Sta ormai venendo meno la fede cieca nel mito di un progresso incessante, che rimuove completamente quello che rappresenta la grandiosa immagine dell’Angelo di Klee nella nona tesi sul concetto di storia di Walter Benjamin. Questo angelo che, come annota qualcuno molto sottilmente, “sigla il nostro secolo con un segno indelebile”, presume, sempre secondo Benjamin, “il viso rivolto al passato. Là dove a noi appare una catena di avvenimenti, egli vede un’unica catastrofe, che ammassa incessantemente macerie su macerie e le rovescia ai suoi piedi. Egli vorrebbe ben trattenersi, destare i morti e riconnettere i frantumi. Ma dal paradiso soffia una bufera, che si è impigliata nelle sue ali, ed è così forte che l’angelo non può più chiuderle. Questa bufera lo spinge irresistibilmente nel futuro, a cui egli volge le spalle, mentre cresce verso il cielo il cumulo delle macerie davanti a lui. Ciò che chiamiamo progresso, è questa tempesta”. 

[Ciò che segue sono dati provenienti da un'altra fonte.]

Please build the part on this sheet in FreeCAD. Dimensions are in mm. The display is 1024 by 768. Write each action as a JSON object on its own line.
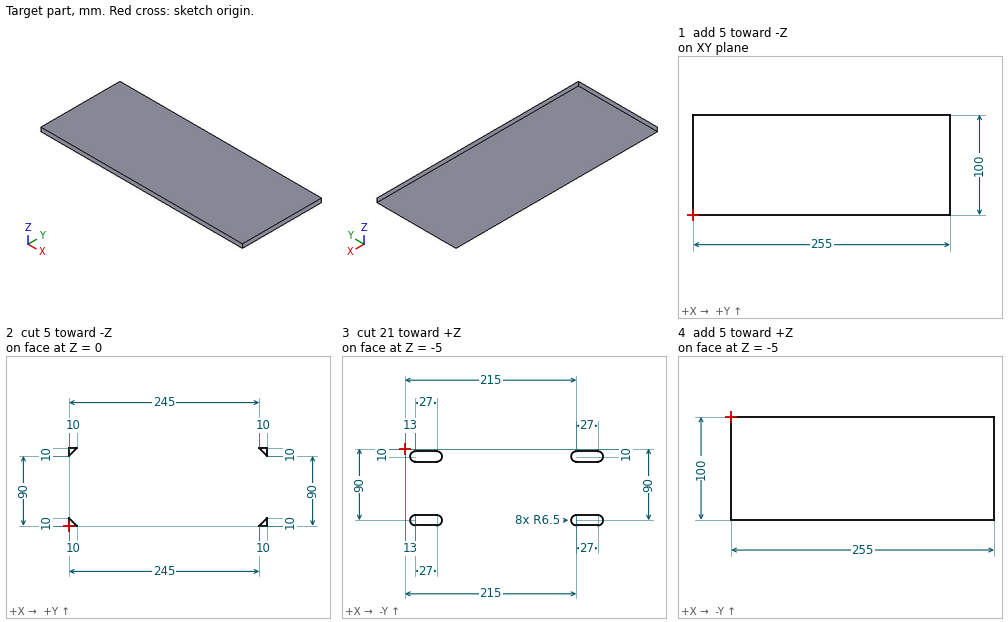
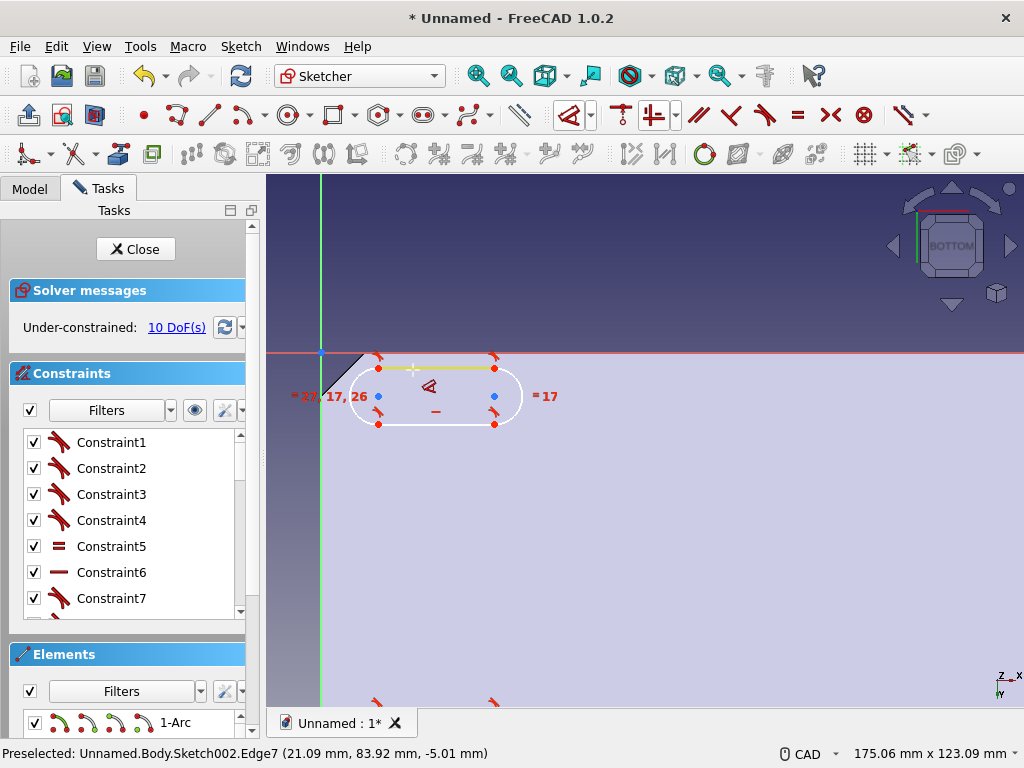
{"action": "left_click", "coordinate": [413, 368]}
{"action": "left_click", "coordinate": [436, 334]}

Possiamo ancora in maniera plausibile chiamarci ‘progressisti’ dopo quest’immagine suggestiva di Walter Benjamin? Possiamo credere ciecamente in un paradigma di tempo lineare-progressivo, che dal passato procede in avanti verso il domani, in una concatenazione sequenziale degli eventi puramente ottimistica, presumendo sempre e comunque che il futuro debba essere migliore del presente? Non è forse venuto il momento storico di rinunciare a tale semplificatoria pregiudiziale con tutto ciò che essa ovviamente comporta? 

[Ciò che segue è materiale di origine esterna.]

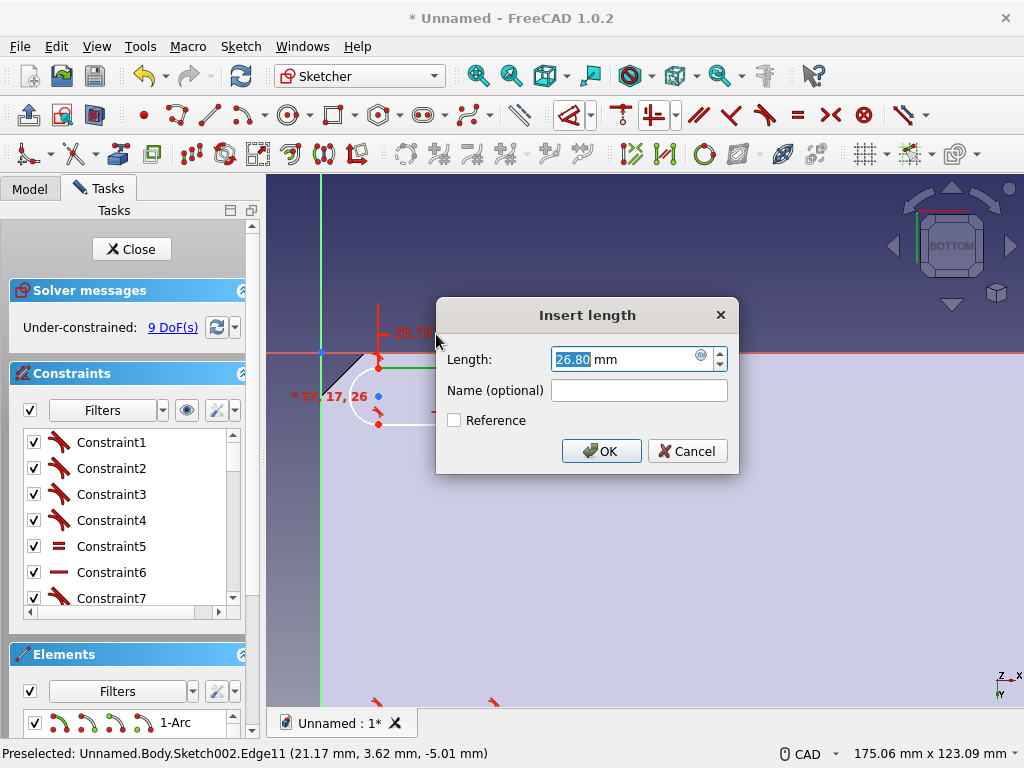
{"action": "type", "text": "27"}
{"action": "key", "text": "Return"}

Il recente manifesto per la cultura, quello per la musica, concernente la “musica per tutti” presume una rivoluzione culturale su tutto il sistema formativo primario e secondario, ancora permeato dalla pregiudiziale neoidealistica, fortemente osteggiata dalle élites intellettuali, ma largamente presente e stratificata nella forma mentisdella stragrande maggioranza di coloro che sono preposti alla formazione. Un’azione che il Partito Democratico ha già iniziato ad elaborare ed a cui non è stata prestata sufficiente attenzione. La Commissione ministeriale Musica, in base a cui la musica, finalmente e per la prima volta, diventa coprotagonista della formazione giovanile dall’età di quattro fino a quella di sedici anni, con dignità eguale alle altre materie tradizionali (italiano, matematica, latino) è la premessa di questa rivoluzione culturale. La musica intesa non come un insieme di principi astratti, ma come pratica musicale, come possesso ed uso di uno o più ‘strumenti’ musicali.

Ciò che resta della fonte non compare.